Ok well.....i just talked to someone at affordable solar . com and this fool just tried to tell me it was going to cost over 10k to hook up my water pump SERIOUSLY? what ever.....didnt sound like he even wanted to talk to me.....


----------



## NaeKid

I had posted this link up before, but, it may need to be repeated ..

Solar Water Pumping | Solar Panels from EnergyPro, Inc.

A solar-panel can be hooked to a well-pump that is designed for it. That well-pump can fill a water-barrel for animals to drink from or can be used to fill a cistern under the house for household-use.

It doesn't need to be overly expensive or fancy - just do the job simply.


----------



## Nadja

Concerned_ Citizen said:


> Ok well.....i just talked to someone at affordable solar . com and this fool just tried to tell me it was going to cost over 10k to hook up my water pump SERIOUSLY? what ever.....didnt sound like he even wanted to talk to me.....


I may be able to help you out, but first a couple of questions . Does it run on demand or do you manually turn it on and fill a water tank which then feeds your house etc ?


----------



## briar

We have a "Simple well pump " from the simple pump company , I am just getting ready to electrify it , (12 volt solar panel ) they sell a motor for it , it is a jack type pump , they state it will presureise a house system . and will pump up to 100 PSI .


----------



## Concerned_ Citizen

Nadja said:


> I may be able to help you out, but first a couple of questions . Does it run on demand or do you manually turn it on and fill a water tank which then feeds your house etc ?

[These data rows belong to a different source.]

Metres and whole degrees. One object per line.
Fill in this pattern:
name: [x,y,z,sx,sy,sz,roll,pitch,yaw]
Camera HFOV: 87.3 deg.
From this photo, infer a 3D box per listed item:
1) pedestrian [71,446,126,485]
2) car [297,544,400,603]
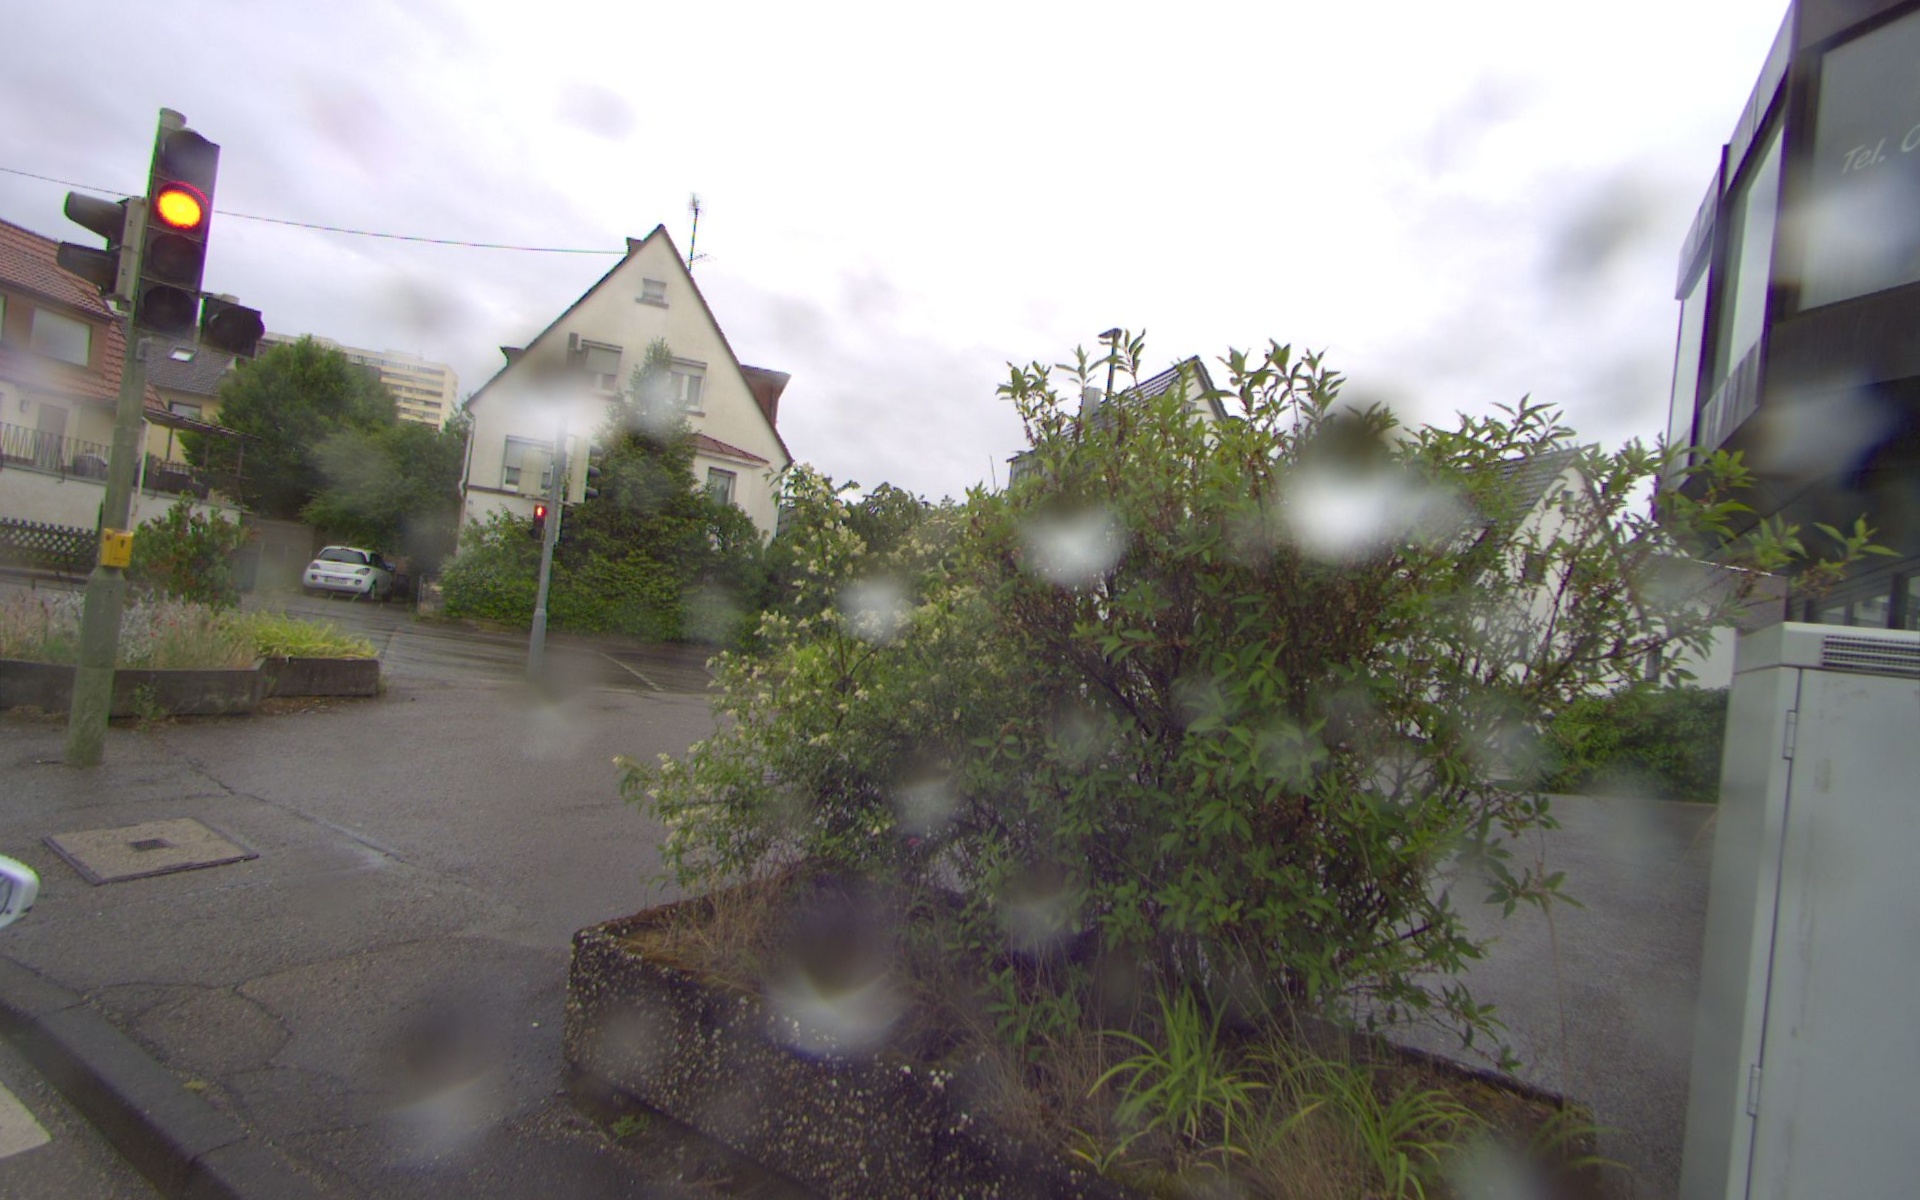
pedestrian: [-24.286,-3.794,28.367,0.623,0.893,0.920,5,-2,13]
car: [-17.770,-0.736,29.417,1.794,1.378,3.981,8,-2,-22]

It runs on demand......the fills a pressurized tank reservoir


----------



## LincTex

He might not be that far off.... I would expect to have to pay AT LEAST $1000 for the pump (these are pretty specialized units), and another $3000 for panels and other parts. That is pretty basic, and will NOT pull a lot of water to the surface (90 feet down). Don't have any family reunions at your place, it won't keep up.

You need a cistern for storage for when you have cloudy days. And another pump for the cistern to pressurize the house. And if it is coudy several days in a row, you need a back-up source of power.

You are doing well with starting your research, but please do not get shocked when you find out how much a lot of this stuff costs. Do NOT get "the cheapest way possible" or you will be very disappointed with the results. It really stinks to not have water when you need it.


----------



## HELIXX

Concerned_ Citizen said:


> Ok well.....i just talked to someone at affordable solar . com and this fool just tried to tell me it was going to cost over 10k to hook up my water pump SERIOUSLY? what ever.....didnt sound like he even wanted to talk to me.....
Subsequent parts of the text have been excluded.